Lantas, apa yang paling dinanti-nanti dalam The Desolation of Smaug? Sesuai dengan judul, maka tentu saja itu adalah penampakan dari sang naga yang menjadi musuh utama dalam The Hobbit, Smaug (Benedict Cumberbatch). Namun sebelum rombongan Bilbo dan Dwarves yang dipimpin oleh Thorin (Richard Armitage) bertamu ke sarang sang naga jahat, mengerikan, serakah, sekaligus licik, di Lonely Mountain, mereka kudu berhadapan terlebih dahulu dengan sekelompok laba-laba raksasa yang maha ganas, para Orc yang tidak kenal lelah dalam melakukan pengejaran, hingga bangsa peri pimpinan Thranduil (Lee Pace) dengan putranya, Legolas (Orlando Bloom). Dengan perjalanan yang masih panjang ditambah absennya Gandalf (Ian McKellen) lantaran misi penting lain yang berbahaya di Dol Guldur, maka pasukan kecil ini pun kudu memutar otak demi mencapai tujuan. Beruntung, di tengah-tengah upaya melarikan diri dari kejaran para Elves, Bilbo dan konco-konco berjumpa dengan Bard the Bowman (Luke Evans) yang sukses menyelundupkan mereka ke Lake-town. Ini artinya, hanya tinggal beberapa langkah lagi bagi Bilbo dan ke-13 dwarf untuk mencapai Lonely Mountain.

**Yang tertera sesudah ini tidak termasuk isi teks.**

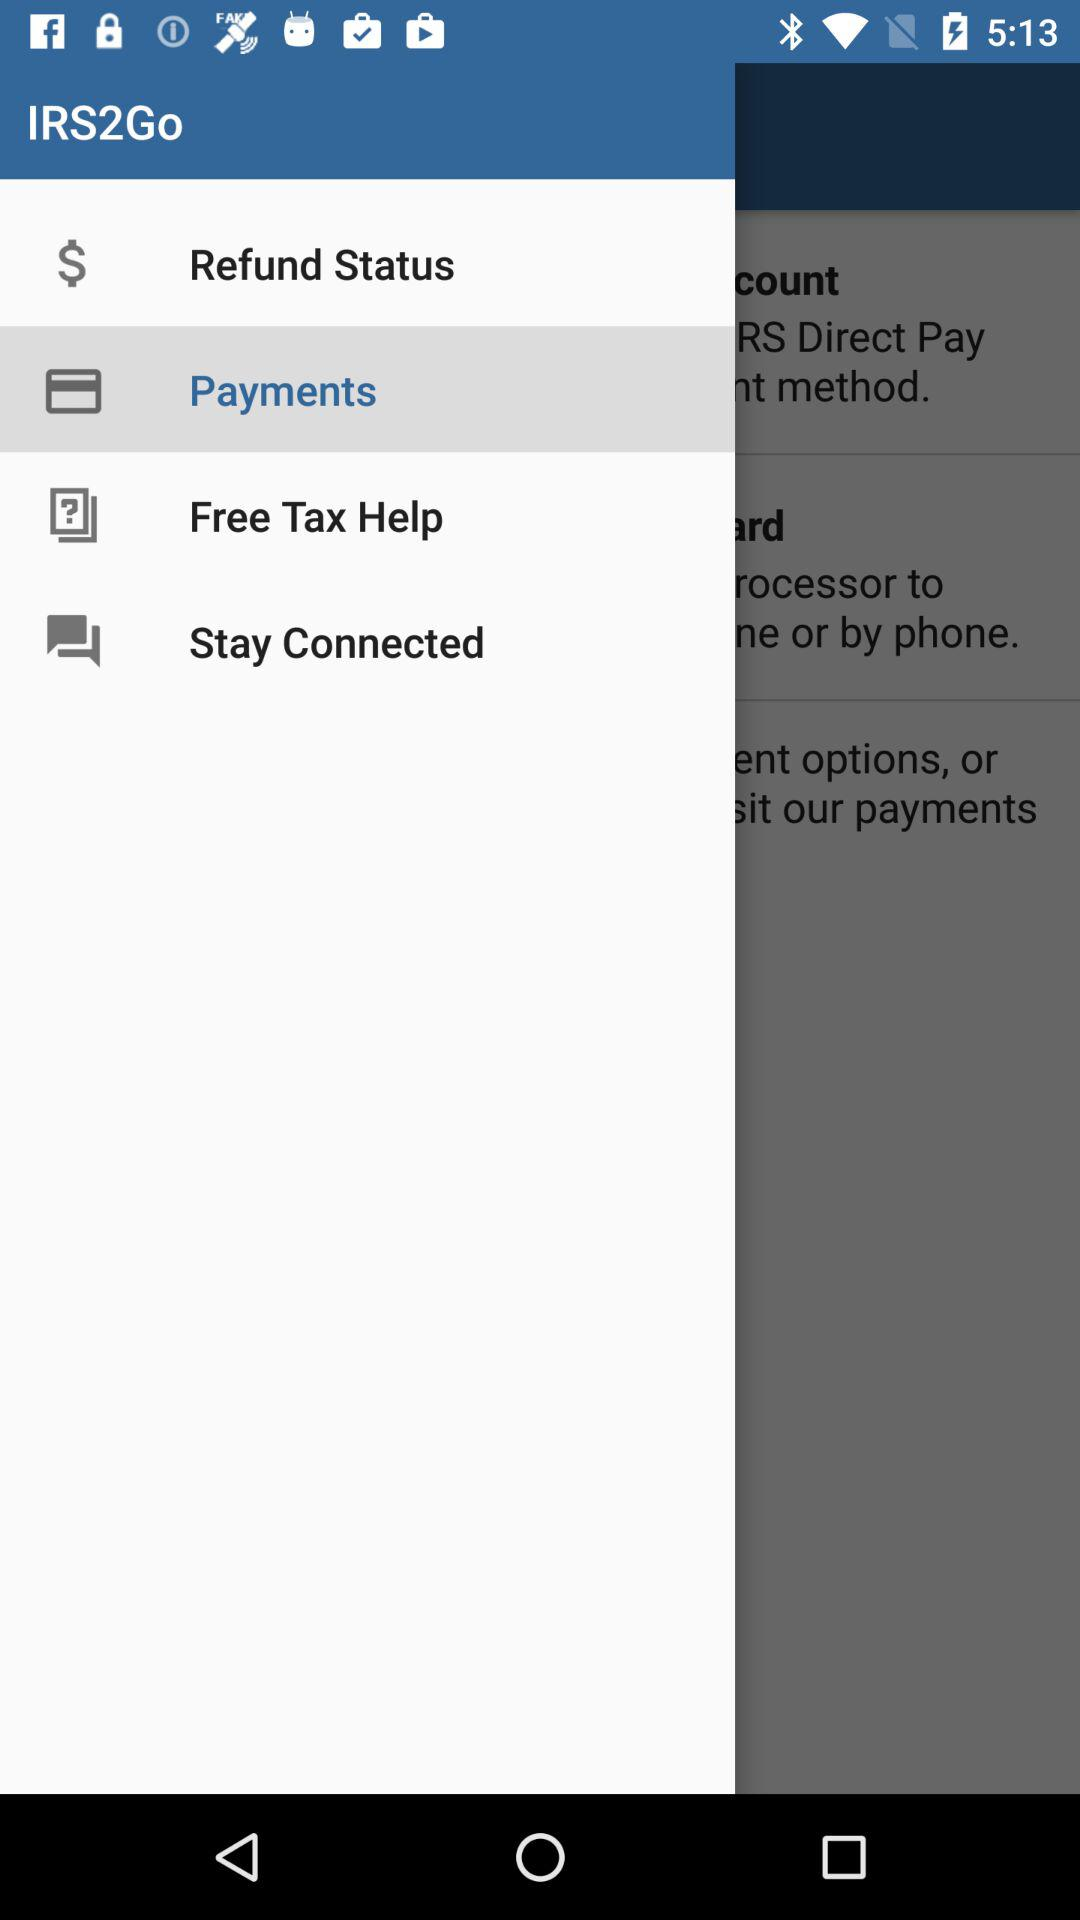What is the selected option? The selected option is "Payments". 
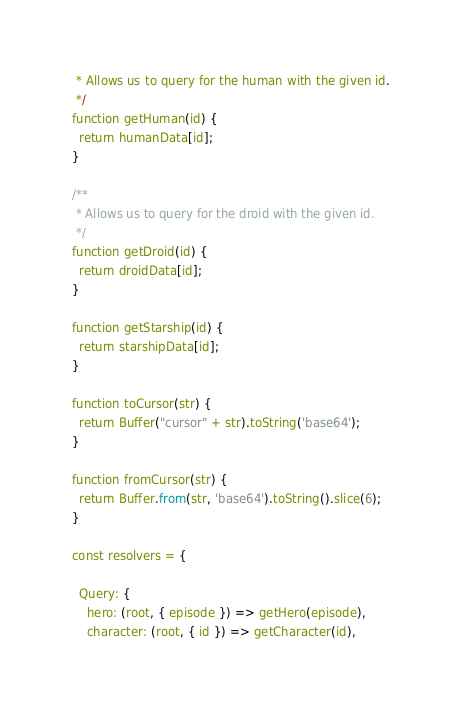Convert code to text. <code><loc_0><loc_0><loc_500><loc_500><_JavaScript_> * Allows us to query for the human with the given id.
 */
function getHuman(id) {
  return humanData[id];
}

/**
 * Allows us to query for the droid with the given id.
 */
function getDroid(id) {
  return droidData[id];
}

function getStarship(id) {
  return starshipData[id];
}

function toCursor(str) {
  return Buffer("cursor" + str).toString('base64');
}

function fromCursor(str) {
  return Buffer.from(str, 'base64').toString().slice(6);
}

const resolvers = {

  Query: {
    hero: (root, { episode }) => getHero(episode),
    character: (root, { id }) => getCharacter(id),</code> 
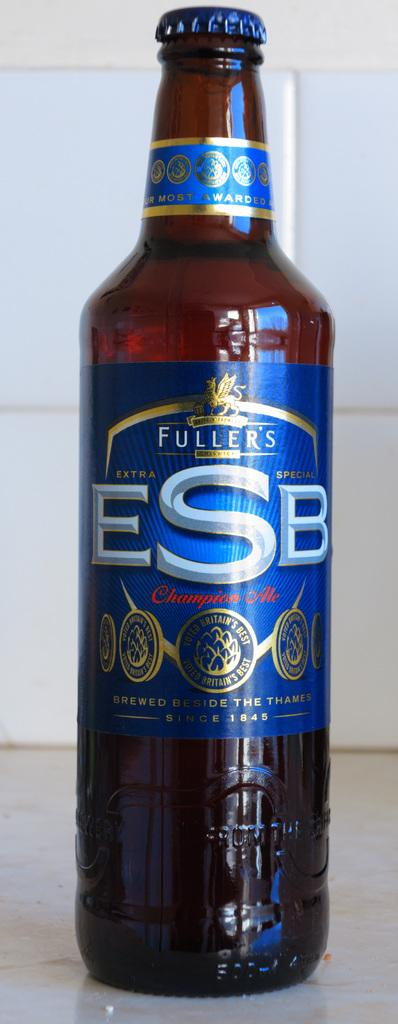<image>
Share a concise interpretation of the image provided. Fuller's ESP Champion Ale Beer that is voted Britian's Best. 
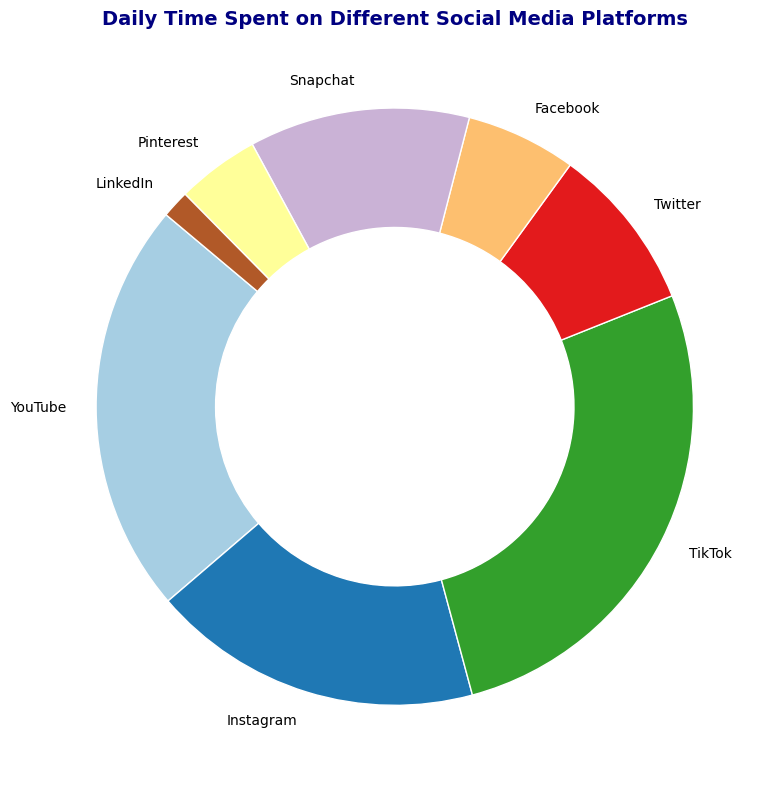What is the total time spent on Facebook, Pinterest, and LinkedIn combined? To find the total time spent on these three platforms, sum their respective times: Facebook (20 minutes) + Pinterest (15 minutes) + LinkedIn (5 minutes). So, 20 + 15 + 5 = 40 minutes.
Answer: 40 minutes Which platform has the highest time spent, and which has the lowest? The platform with the highest time spent is TikTok with 90 minutes. The platform with the lowest time spent is LinkedIn with 5 minutes.
Answer: TikTok and LinkedIn Between Instagram and Twitter, which platform has a higher activity level? Instagram and Twitter both have different activity levels indicated next to their names. Instagram has a "High" activity level, while Twitter has a "Medium" activity level.
Answer: Instagram Among the platforms with high activity levels, which platform has the least time spent? The platforms with high activity levels are YouTube, Instagram, and TikTok. Comparing their times, YouTube (75 minutes), Instagram (60 minutes), and TikTok (90 minutes), Instagram has the least time spent.
Answer: Instagram How much more time is spent on TikTok compared to Facebook? The time spent on TikTok is 90 minutes, and the time spent on Facebook is 20 minutes. Subtracting the two gives 90 - 20 = 70 minutes.
Answer: 70 minutes What percentage of the total time spent is attributed to YouTube? First, find the total time spent on all platforms. Adding all times: 75 + 60 + 90 + 30 + 20 + 40 + 15 + 5 = 335 minutes. The percentage for YouTube is then (75 / 335) * 100 ≈ 22.39%.
Answer: 22.39% Which two platforms together make up more than 50% of the total time spent? From the pie chart, the largest time spent is on TikTok (90 minutes) and YouTube (75 minutes). Together, they account for 90 + 75 = 165 minutes. Checking the total time, which is 335 minutes, 165 / 335 * 100 ≈ 49.25%. Therefore, TikTok and Instagram (90 + 60 = 150 minutes) don't add up to more than 50%, but TikTok and YouTube with 90 + 75 = 165 minutes nearly do. Combined, TikTok and Instagram also exceed 50%: 150/335 * 100 ≈ 44.78%, which is less. Hence, no pair of two platforms matches the query directly.
Answer: None How much more time do people spend on Snapchat compared to LinkedIn? The time spent on Snapchat is 40 minutes, and the time spent on LinkedIn is 5 minutes. Subtracting the two gives 40 - 5 = 35 minutes.
Answer: 35 minutes If the total time spent on social media is one day (1440 minutes), what fraction of the total day is spent on Instagram? Instagram time spent is 60 minutes. If the total day is 1440 minutes, the fraction is 60 / 1440 = 1/24.
Answer: 1/24 What’s the difference in time spent between the highest activity level platform and the lowest activity level platform? The highest activity level platform is TikTok with 90 minutes, and the lowest activity level platform is LinkedIn with 5 minutes. The difference is 90 - 5 = 85 minutes.
Answer: 85 minutes 
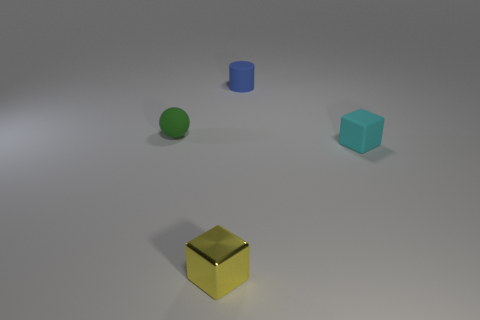How many blue cylinders are the same material as the green ball?
Your answer should be compact. 1. Do the green sphere and the cyan rubber cube have the same size?
Offer a very short reply. Yes. Are there any other things that have the same color as the tiny metal object?
Your answer should be very brief. No. What shape is the tiny thing that is on the left side of the tiny blue cylinder and on the right side of the green thing?
Offer a very short reply. Cube. What is the size of the thing that is in front of the small cyan block?
Offer a very short reply. Small. There is a tiny rubber thing behind the small object on the left side of the small shiny block; what number of green things are in front of it?
Your answer should be compact. 1. Are there any small rubber objects right of the matte cylinder?
Your response must be concise. Yes. How many other objects are the same size as the matte sphere?
Provide a succinct answer. 3. What material is the tiny thing that is both on the left side of the tiny blue cylinder and in front of the sphere?
Your response must be concise. Metal. Is the shape of the tiny object that is in front of the small cyan block the same as the matte thing to the right of the blue thing?
Provide a short and direct response. Yes. 
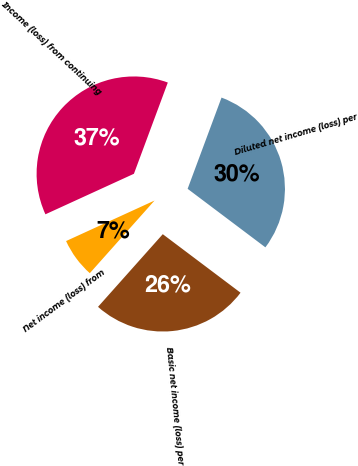Convert chart. <chart><loc_0><loc_0><loc_500><loc_500><pie_chart><fcel>Income (loss) from continuing<fcel>Net income (loss) from<fcel>Basic net income (loss) per<fcel>Diluted net income (loss) per<nl><fcel>37.5%<fcel>6.58%<fcel>26.32%<fcel>29.61%<nl></chart> 
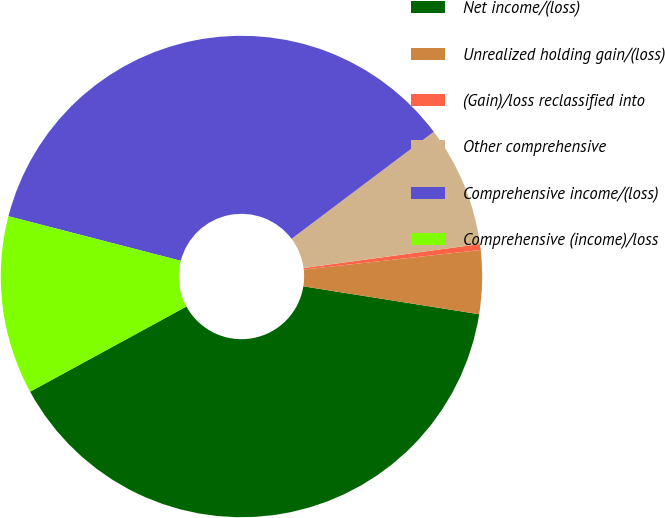<chart> <loc_0><loc_0><loc_500><loc_500><pie_chart><fcel>Net income/(loss)<fcel>Unrealized holding gain/(loss)<fcel>(Gain)/loss reclassified into<fcel>Other comprehensive<fcel>Comprehensive income/(loss)<fcel>Comprehensive (income)/loss<nl><fcel>39.55%<fcel>4.26%<fcel>0.4%<fcel>8.11%<fcel>35.7%<fcel>11.97%<nl></chart> 
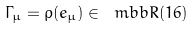<formula> <loc_0><loc_0><loc_500><loc_500>\Gamma _ { \mu } = \rho ( e _ { \mu } ) \in \ m b b R ( 1 6 )</formula> 
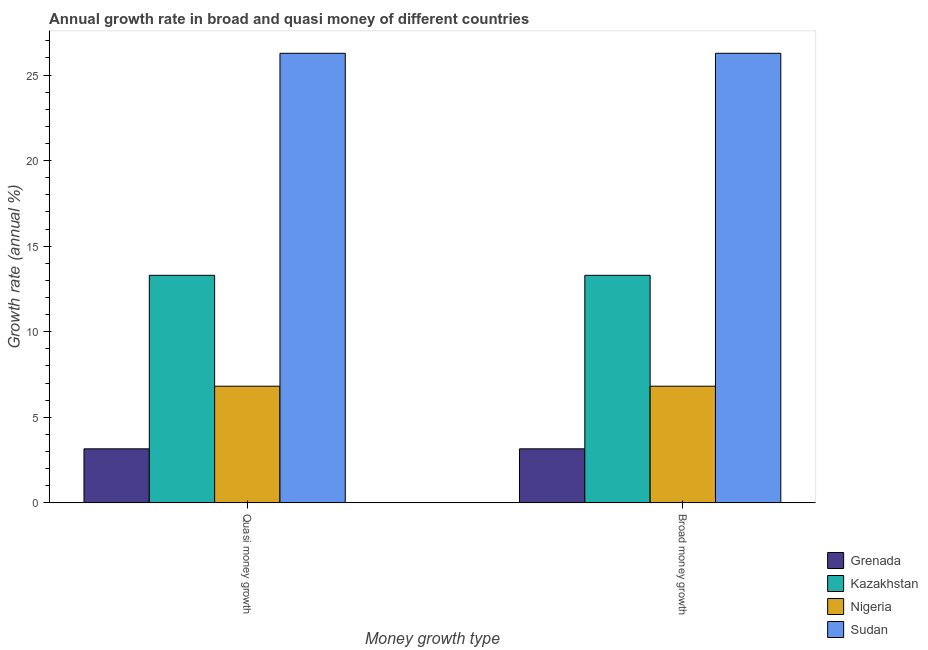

Didasarkan pada novel The Hobbit rekaan J.R.R. Tolkien dengan ketebalan yang hanya mencapai sekitar 310 halaman serta menyasar pangsa pasar anak-anak, dapat dimaklumi apabila deretan film dalam seri The Hobbit ini tak mampu mengungguli pencapaian dari sang saudara, The Lord of the Rings. Terlebih lagi, materi dasar yang begitu ringan itu dipaksa untuk dipecah menjadi 3 bagian yang masing-masing merentang panjang hingga melampaui 160 menit. Peter Jackson dan tim telah menjalankan tugasnya dengan apik menerjemahkan tulisan yang sejatinya berada di zona aman, menjadi sebuah bahasa gambar yang memukau. Ketika An Unexpected Journey masih membawa suasana kanak-kanak ke dalam penceritaan, maka The Desolation of Smaug ini cenderung lebih berani. Dengan jalinan penceritaan yang mulai memasuki area yang kelam, dewasa, dan kompleks – walau terkadang masih bertele-tele – membuat jilid ini terasa lebih menggugah. Seiring dengan telah berlalunya proses pengenalan karakter, Jackson pun dapat membawa ritme film menjadi cepat tanpa kudu berlama-lama melakukan pemanasan.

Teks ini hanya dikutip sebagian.